(INFORMATION SHOWN)

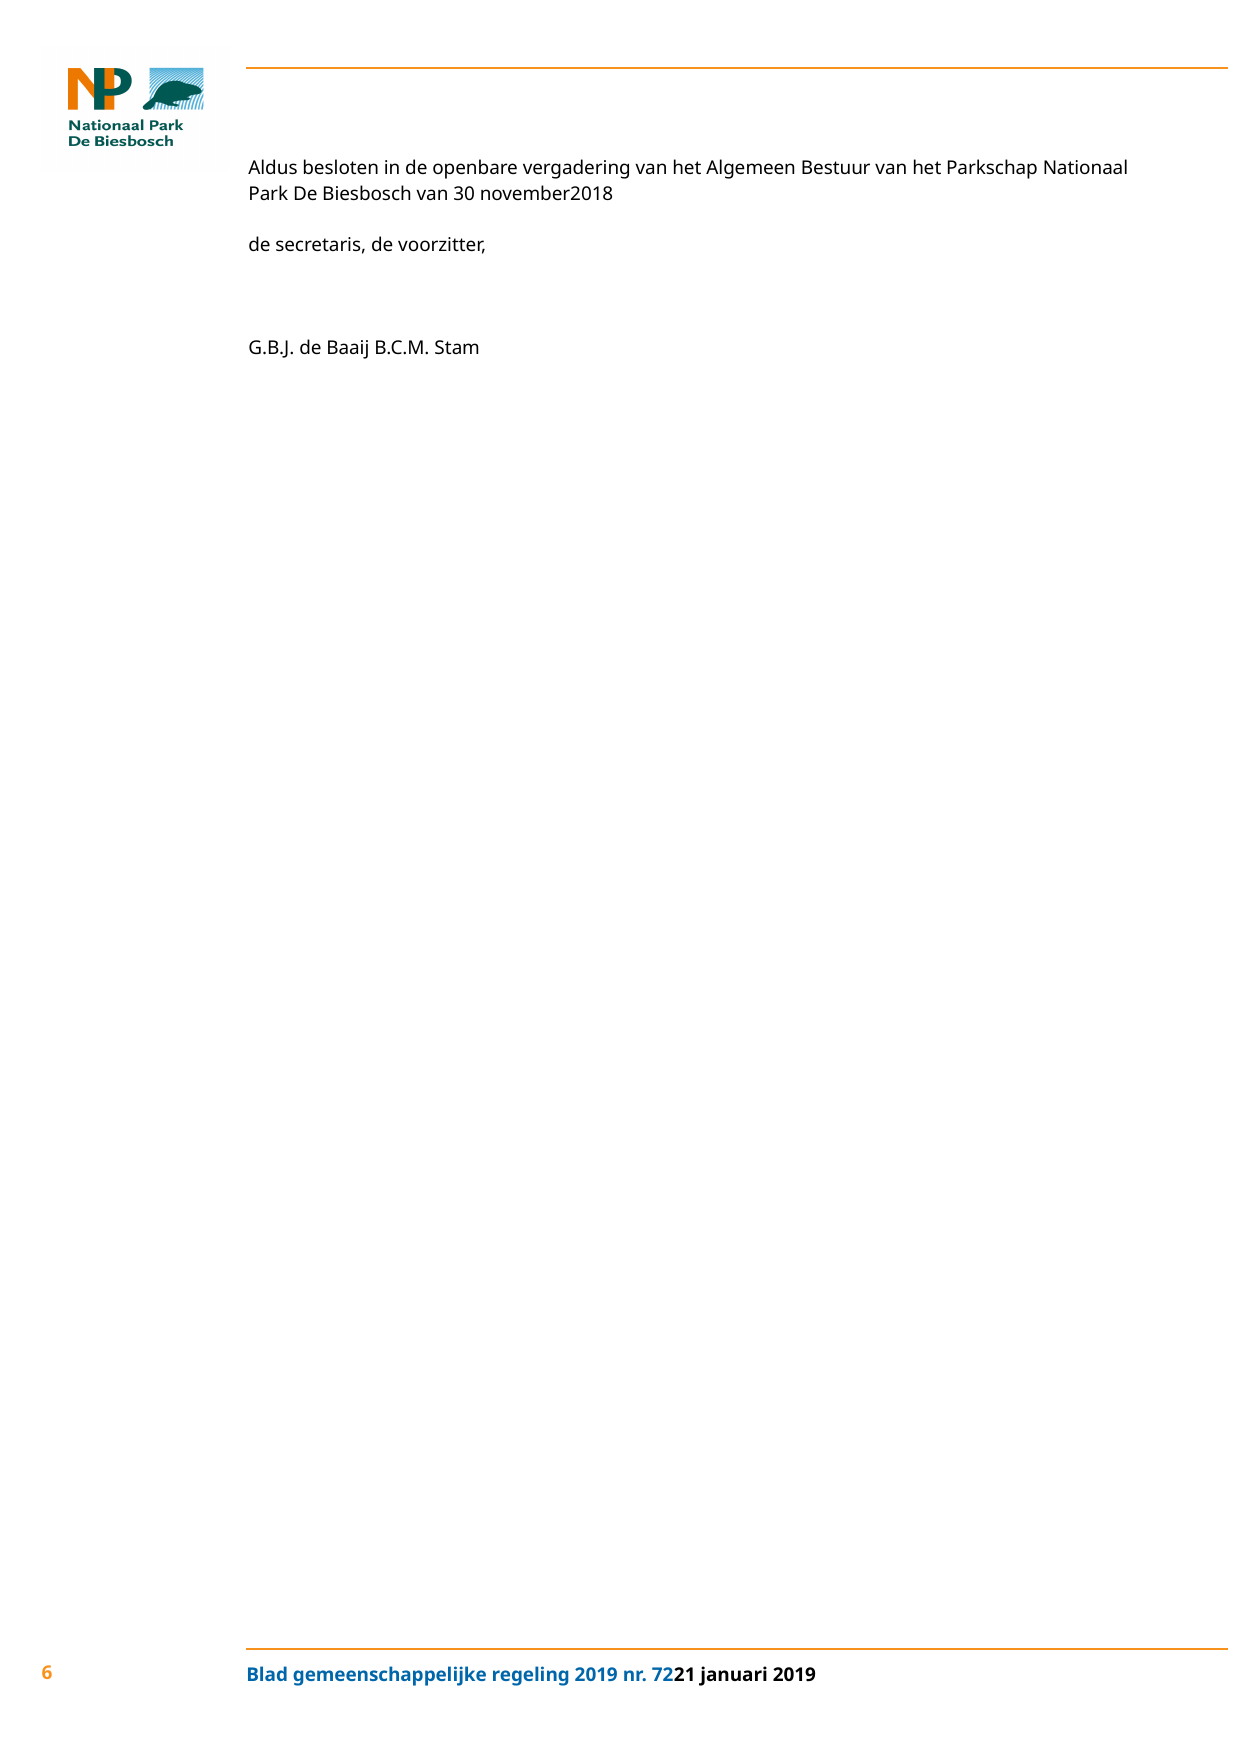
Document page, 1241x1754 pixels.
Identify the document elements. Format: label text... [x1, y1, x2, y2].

text G.B.J. de Baaij B.C.M. Stam [248, 334, 1152, 360]
text Aldus besloten in de openbare vergadering van het Algemeen Bestuur van het Parkschap Nationaal Park De Biesbosch van 30 november2018 [248, 154, 1152, 205]
text de secretaris, de voorzitter, [248, 231, 1152, 257]
picture [41, 47, 231, 172]
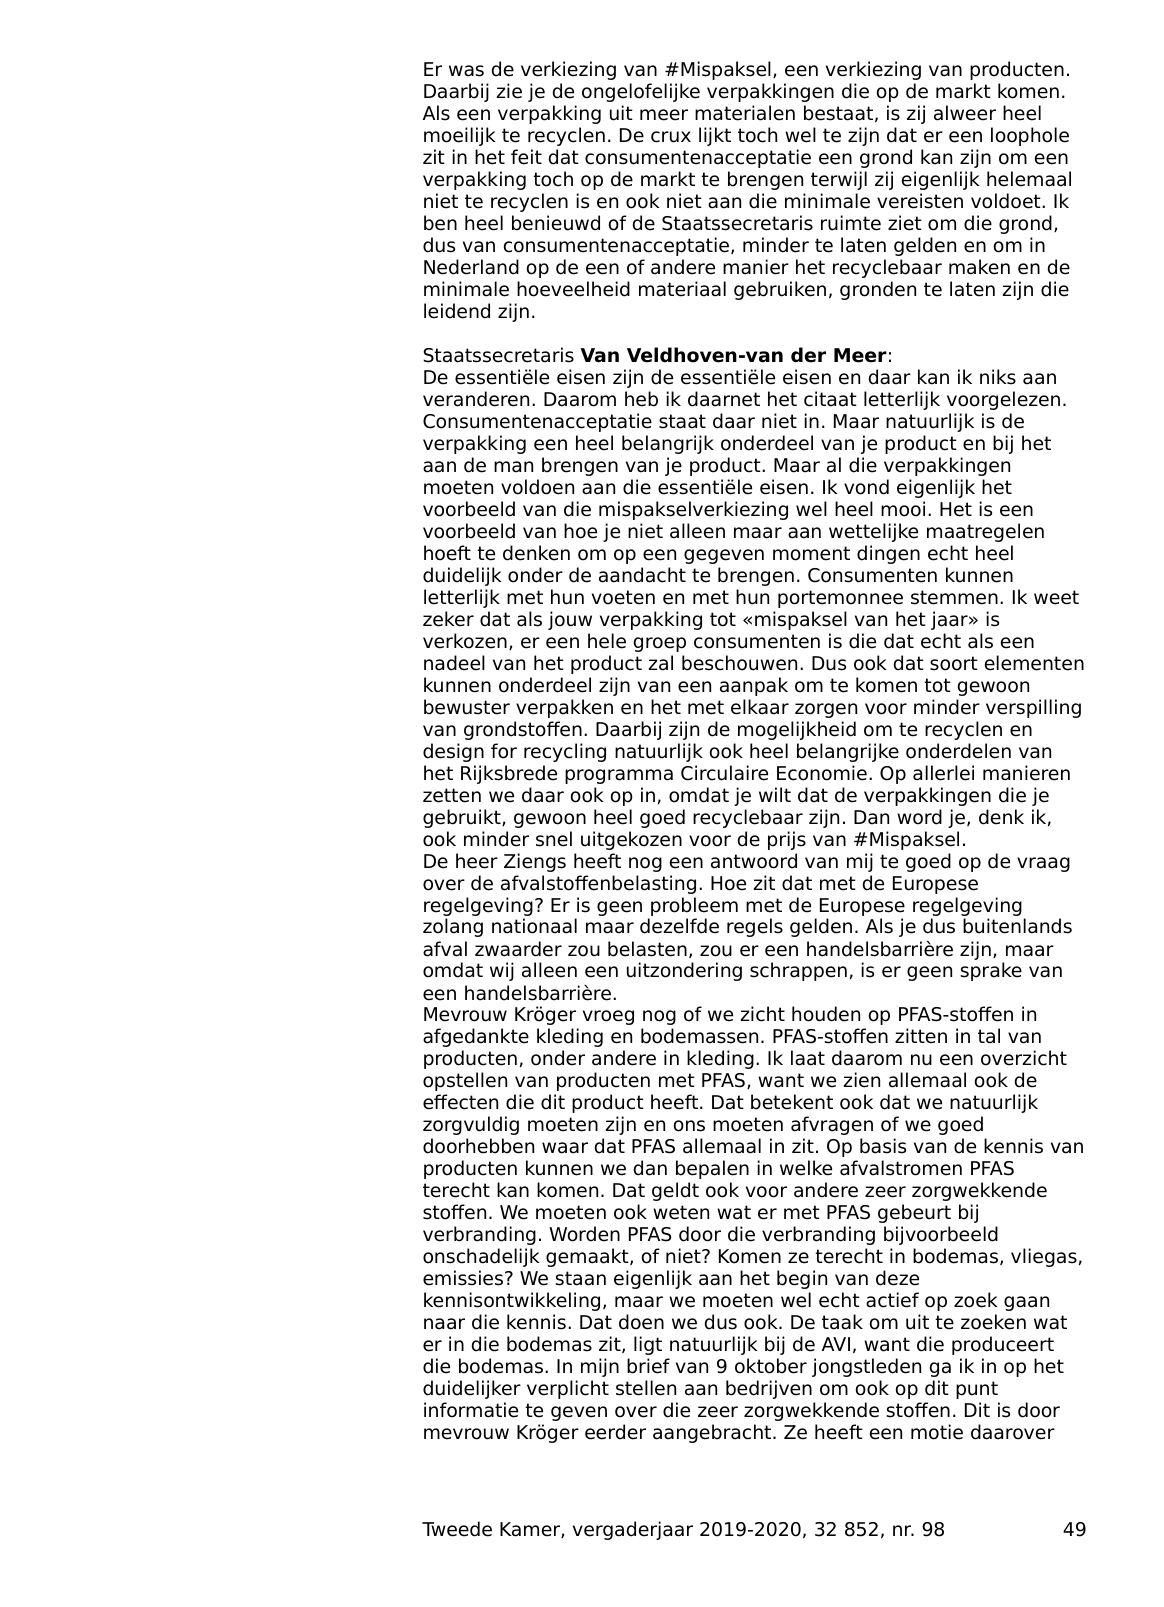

(End INFORMATION SHOWN)

TASK REQUIREMENTS:
Every record, from top to bottom, gets written out exactly; no picture goes into the copy.

SOLUTION TO THIS PROBLEM:
Document page, 1241x1754 pixels.
Identify the document elements. Format: label text... [x1, y1, x2, y2].

text G.B.J. de Baaij B.C.M. Stam [248, 334, 1152, 360]
text Aldus besloten in de openbare vergadering van het Algemeen Bestuur van het Parkschap Nationaal Park De Biesbosch van 30 november2018 [248, 154, 1152, 205]
text de secretaris, de voorzitter, [248, 231, 1152, 257]
picture [41, 47, 231, 172]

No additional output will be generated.